Keeping up with cryptocurrency hacks and legal risks

More than $ 14 billion in cryptocurrencies were lost to cybercrime in 2021, followed by billions more this year. These staggering leaks underscore the need to understand and keep abreast of the security threats and legal risks facing the cryptocurrency industry.

Types of threats

As blockchain technologies reduce the friction for decentralization of financial infrastructure and other new use cases, they also represent an attractive target for threat actors who leverage the nascent security controls of the evolving industry.

Theft of private keys. Many cryptocurrency holders keep their keys in hot (software) or cold (physical hardware) wallets. Whoever holds the private keys controls the crypto asset. The security of the keys is as good as the security of the person or entity that holds them.

The immutability of the blockchain makes on-chain transactions irreversible, in contrast to transactions in the traditional financial system, which relies on intermediaries of financial institutions who can freeze funds and cancel transactions.

Even when a third-party exchange holds custody of keys on behalf of users, hackers have penetrated systems to steal funds. In March, for example, hackers compromised the private keys associated with the Axie Infinity crypto game and stole over $ 600 million worth of cryptocurrencies. The U.S. Treasury Department linked the attack to the state-sponsored Lazarus Group of North Korea and listed the address of the wallet used to steal funds on its Specially Designated Nationals List.

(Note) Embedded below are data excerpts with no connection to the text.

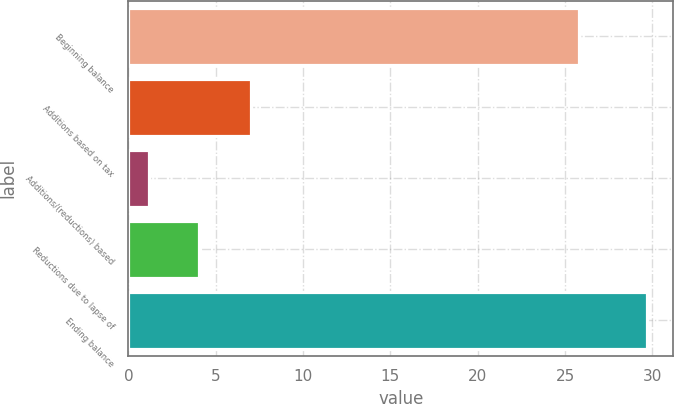Convert chart. <chart><loc_0><loc_0><loc_500><loc_500><bar_chart><fcel>Beginning balance<fcel>Additions based on tax<fcel>Additions/(reductions) based<fcel>Reductions due to lapse of<fcel>Ending balance<nl><fcel>25.8<fcel>7<fcel>1.2<fcel>4.05<fcel>29.7<nl></chart> 
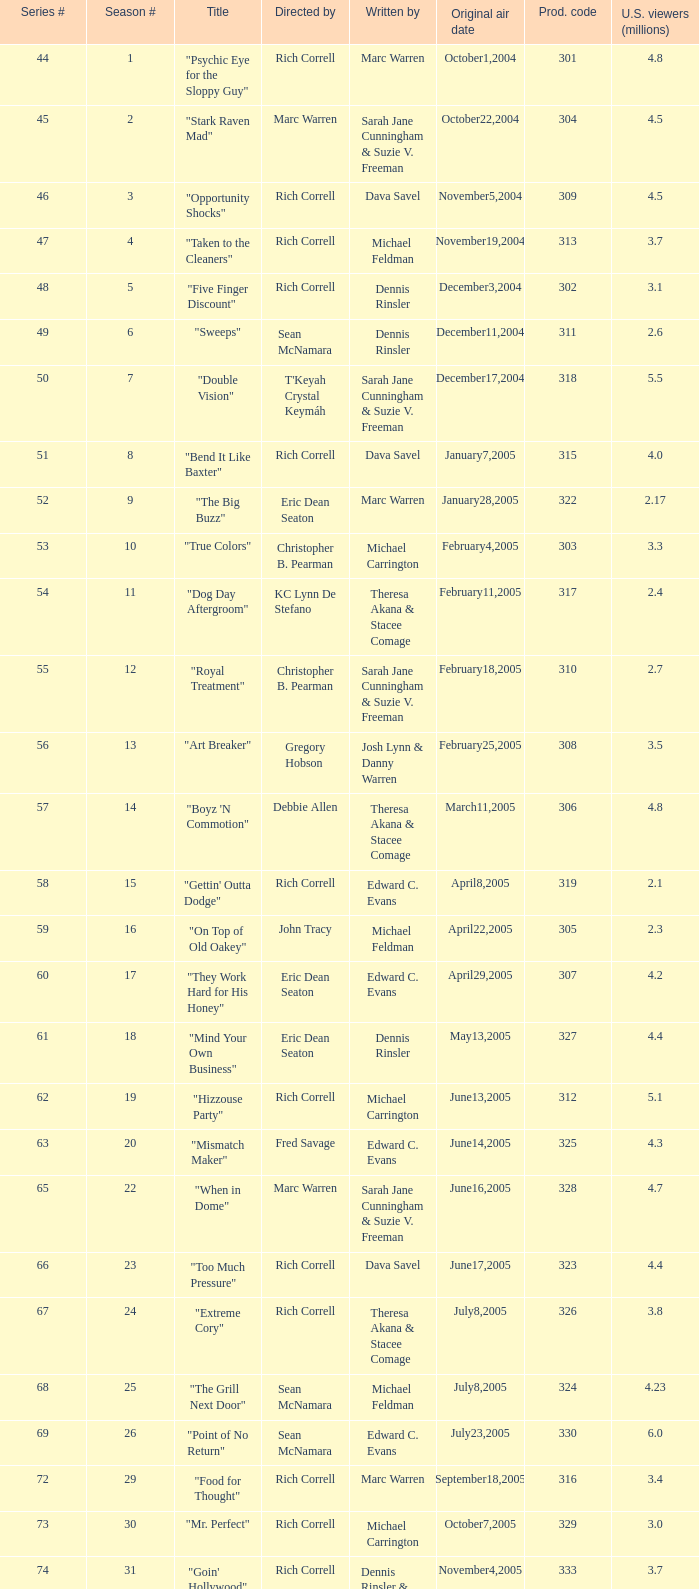What is the title of the episode directed by Rich Correll and written by Dennis Rinsler? "Five Finger Discount". 
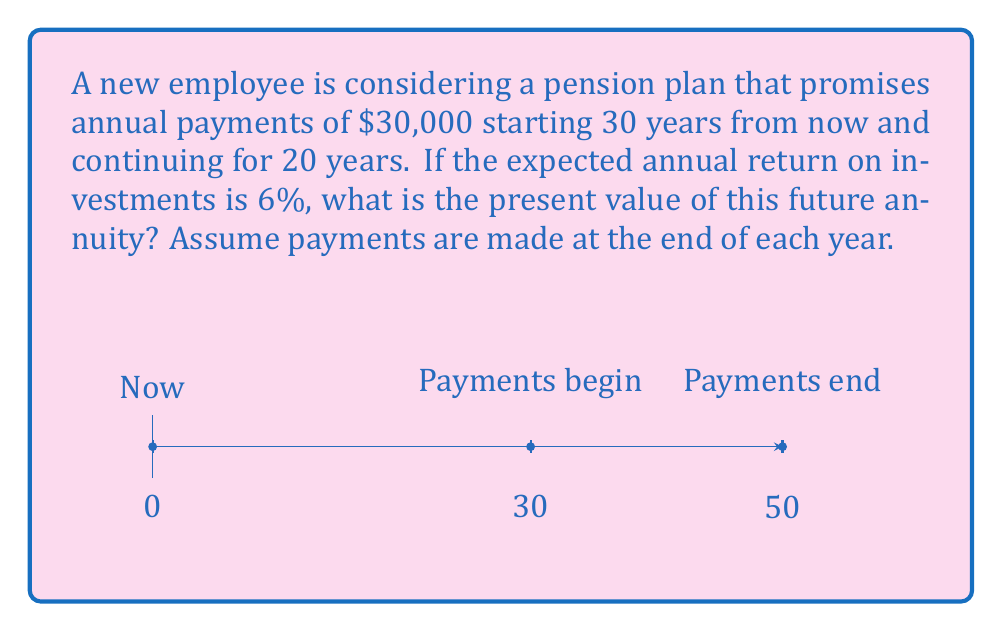Can you solve this math problem? To solve this problem, we'll use the present value of a delayed annuity formula:

$$PV = \frac{A}{r} \left(1 - \frac{1}{(1+r)^n}\right) \times \frac{1}{(1+r)^t}$$

Where:
$A$ = Annual payment
$r$ = Annual interest rate
$n$ = Number of years the annuity lasts
$t$ = Number of years until the annuity starts

Step 1: Identify the variables
$A = \$30,000$
$r = 6\% = 0.06$
$n = 20$ years
$t = 30$ years

Step 2: Plug the values into the formula
$$PV = \frac{30000}{0.06} \left(1 - \frac{1}{(1+0.06)^{20}}\right) \times \frac{1}{(1+0.06)^{30}}$$

Step 3: Calculate the inner part of the equation
$$\left(1 - \frac{1}{(1+0.06)^{20}}\right) = 1 - 0.3118 = 0.6882$$

Step 4: Calculate the delayed factor
$$\frac{1}{(1+0.06)^{30}} = 0.1741$$

Step 5: Put it all together
$$PV = \frac{30000}{0.06} \times 0.6882 \times 0.1741$$
$$PV = 500000 \times 0.6882 \times 0.1741$$
$$PV = 59,938.51$$

Therefore, the present value of the future annuity payments is approximately $59,938.51.
Answer: $59,938.51

Exploitation of the software. Traditional banks are no stranger to software exploits. Now, hackers are turning to cryptocurrencies. Many crypto hacks in the past year have exploited vulnerabilities in the code used to process smart contracts or underlying cryptographic software.

In the Poly Network attack, for example, a hacker exploited a smart contract vulnerability that allowed them to change administrative permissions for executing blockchain transactions, allowing hundreds of millions of cryptocurrencies to be stolen.

Scams and frauds. Scammers have defrauded tens of thousands of consumers for more than $ 1 billion in cryptocurrencies since 2021, according to the Federal Trade Commission. Such scams offer false investment opportunities, prey on those who seek love or involve the impersonation of legitimate business. Rug pulls are another scam where a creator will sell tokens, raise funds, promise a future launch, but then flee with the funds.

Legal risks and practical advice

Regulatory scrutiny. Regulatory actions following software vulnerabilities have been initiated with some frequency outside the cryptocurrency industry.

Equifax, for example, agreed with the FTC, the Consumer Financial Protection Bureau and 50 state attorneys general for more than $ 500 million for failing to fix software vulnerabilities.

Regulators are now focusing on the cybersecurity controls of the cryptocurrency industry. President Joe Biden’s March 2022 Cryptocurrency Executive Order directs the government to “prioritize[e] … safety [and] fight[] illicit exploitation “of digital resources.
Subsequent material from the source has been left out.